** Record excerpts follows **

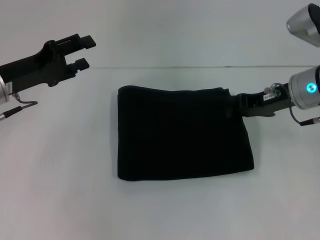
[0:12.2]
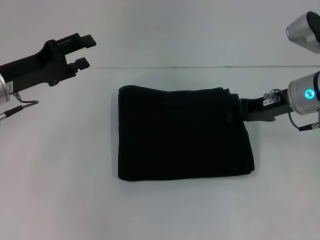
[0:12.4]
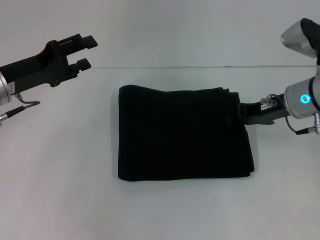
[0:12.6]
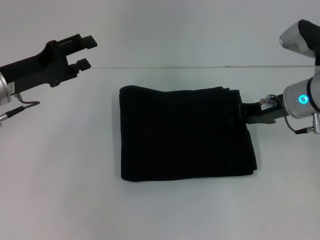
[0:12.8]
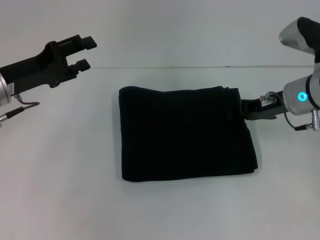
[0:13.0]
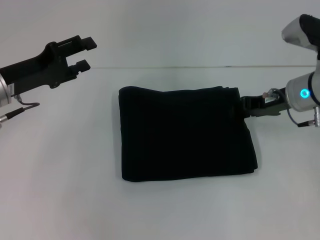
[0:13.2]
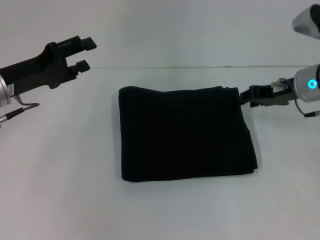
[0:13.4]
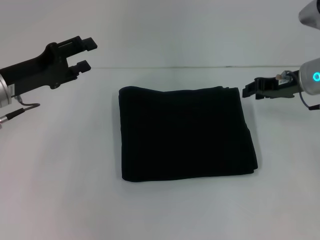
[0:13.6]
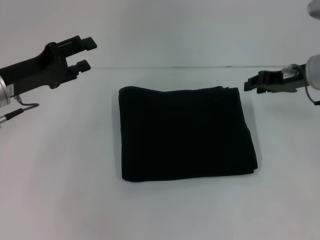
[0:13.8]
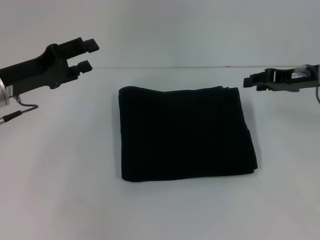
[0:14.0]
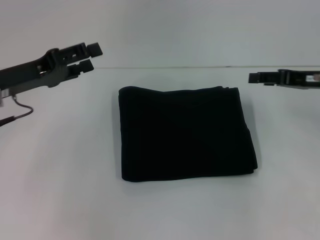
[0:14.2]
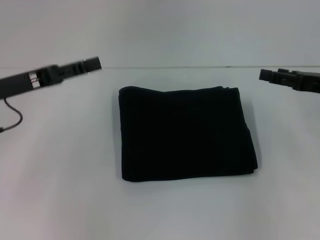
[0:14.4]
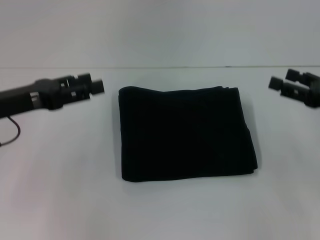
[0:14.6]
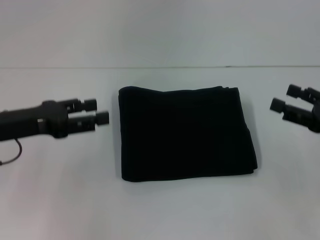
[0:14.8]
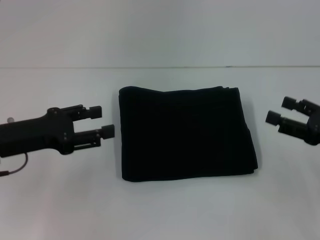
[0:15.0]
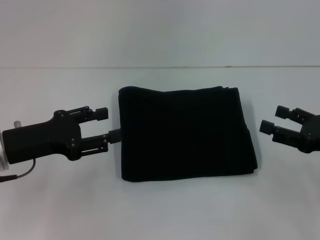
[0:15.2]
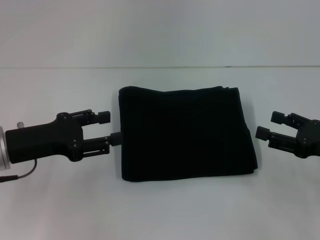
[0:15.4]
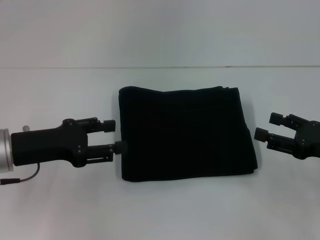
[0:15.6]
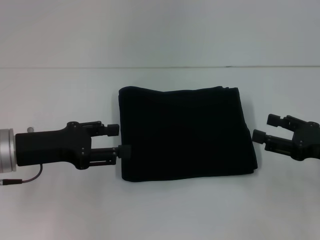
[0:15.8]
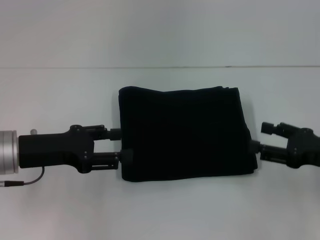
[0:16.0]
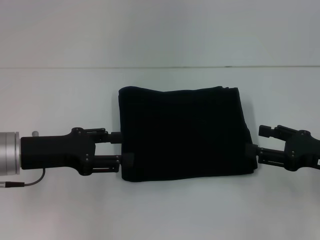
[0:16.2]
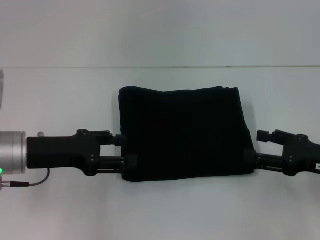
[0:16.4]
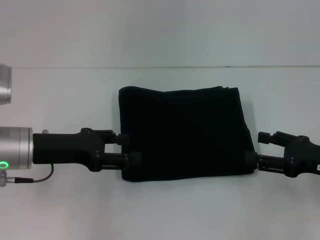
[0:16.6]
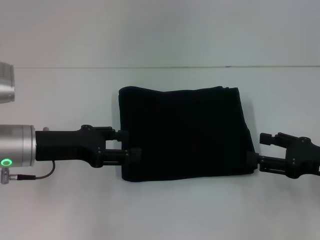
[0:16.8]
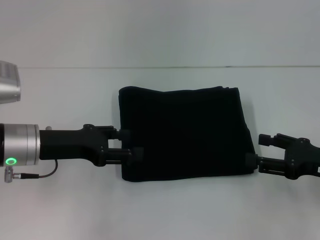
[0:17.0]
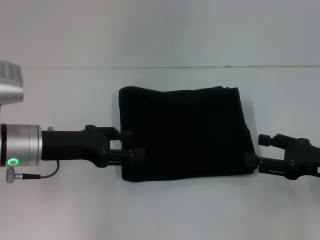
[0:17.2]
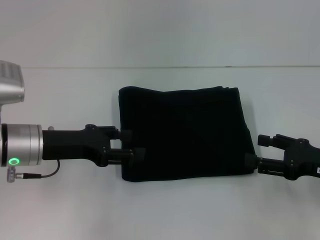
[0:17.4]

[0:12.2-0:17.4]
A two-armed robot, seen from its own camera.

** End of Record excerpts **

### Required work
Without the pictures, write out every entry precisely as it appears.

### Result of this exercise
[0:12.2]
[0:12.4]
[0:12.6]
[0:12.8]
[0:13.0]
[0:13.2]
[0:13.4]
[0:13.6]
[0:13.8]
[0:14.0]
[0:14.2]
[0:14.4]
[0:14.6]
[0:14.8]
[0:15.0]
[0:15.2]
[0:15.4]
[0:15.6]
[0:15.8]
[0:16.0]
[0:16.2]
[0:16.4]
[0:16.6]
[0:16.8]
[0:17.0]
[0:17.2]
[0:17.4]

[0:12.2-0:17.4]
A two-armed robot, seen from its own camera.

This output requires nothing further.